During the 1950s, Algesa befriended a young man named Roy Lichtenstein, who had moved to Cleveland after graduating from Ohio State University under the legendary Professor Hoyt Sherman.
The O’Sickeys introduced Lichtenstein to Isabel Wilson, an interior designer who worked on a gallery run by Algesa and whom Lichtenstein married in 1949.
Ideastream recently explored this history in an excellent documentary, “Isabelle and Roy” and the Wonderful Gallery at the Columbus Museum of Art last year traced the development of Liechtenstein, Ohio, in the 1950s.
At the time, before moving to New York and helping start the Pop Art movement, Lichtenstein explored themes based on American history, medieval knights, mechanical devices, planes, and other motifs that would later appear in his Pop paintings.
At the time, he filtered his subjects through primitive, primitive cubism, characterized by childlike artistry, rough handling of paint, and a dark palette of browns and greys.

“The Horseman (Self-Portrait)”, c. 1951, by Roy Lichtenstein, illustrates the pseudo-naive approach adopted by the artist in the early 1950s.Cleveland Museum of Art, Roy Lichtenstein Estate.
Interestingly, as seen on Wolfs, O’Sickey himself gave Lichtenstein’s proto-style a whirlwind. In a 1950 gouache painting on paper called “The Sand Mine,” he reiterated Lichtenstein’s interest in mechanical devices.
But he didn’t seem to get what Liechtenstein was achieving, including refusing to settle in their technical comfort zone.

Works by the late Joseph Oskey are on display at Wolves in Beechwood in March.Stephen Litt, cleveland.com
As Oseki said in an interview I did in 2012, he and Lichtenstein felt the need to reject the orthodoxy of Abstract Expressionist painting, the dominant style of the 1950s.
After a day of touring New York galleries together, they got tired of seeing so many artists imitating the gestural brushwork of artists like Franz Kline and Willem de Kooning, or the drops and smudges of Jackson Pollock. They wanted to do whatever they wanted.
Lichtenstein eventually decided to imitate and parody contemporary comics, Disney cartoons, and advertising, adopting mechanical techniques such as Ben Day’s use of dots to distance his paintings from his personal sense of touch. It was a radical and revolutionary choice.
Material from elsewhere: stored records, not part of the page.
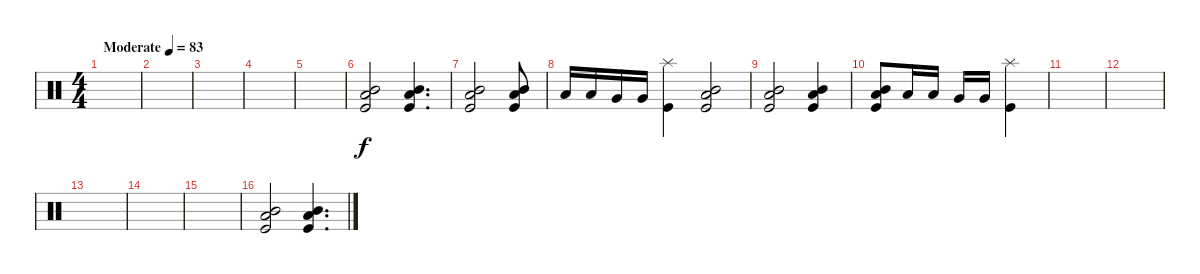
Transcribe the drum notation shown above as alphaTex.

\track "" {instrument percussion}
\staff {score}
\articulation defaults
\ts (4 4)
\tempo (83 "Moderate")
\clef neutral
\ks c
|
|
|
|
|
("Kick (hit)" "Low Tom (hit)" "Mid Tom (hit)").2 ("Kick (hit)" "Mid Tom (hit)" "Low Tom (hit)").4{d} |
("Mid Tom (hit)" "Low Tom (hit)" "Kick (hit)").2 ("Kick (hit)" "Low Tom (hit)" "Mid Tom (hit)").8 |
"Low Floor Tom (hit)".16 "Low Floor Tom (hit)".16 "Very Low Tom (hit)".16 "Very Low Tom (hit)".16 ("Splash (hit)" "Kick (hit)").4 ("Kick (hit)" "Mid Tom (hit)" "Low Tom (hit)").2 |
("Kick (hit)" "Mid Tom (hit)" "Low Tom (hit)").2 ("Mid Tom (hit)" "Low Tom (hit)" "Kick (hit)").4 |
("Kick (hit)" "Low Tom (hit)" "Mid Tom (hit)").8 "Low Floor Tom (hit)".16 "Low Floor Tom (hit)".16 "Very Low Tom (hit)".16 "Very Low Tom (hit)".16 ("Splash (hit)" "Kick (hit)").4 |
|
|
|
|
|
("Kick (hit)" "Mid Tom (hit)" "Low Tom (hit)").2 ("Kick (hit)" "Mid Tom (hit)" "Low Tom (hit)").4{d}

Osiecki went in a different, more traditional direction, based on his daily practice of making observational sketches.
“My feeling,” he said, “was that as long as I was making drawings in reaction to what I was seeing, I wasn’t interacting with anyone else’s work.” I felt that as long as I was in the process of drawing, there was no way my drawings could look like anyone else’s. »
In other words, O’Sickey slalomed while Lichtenstein slalomed and made history.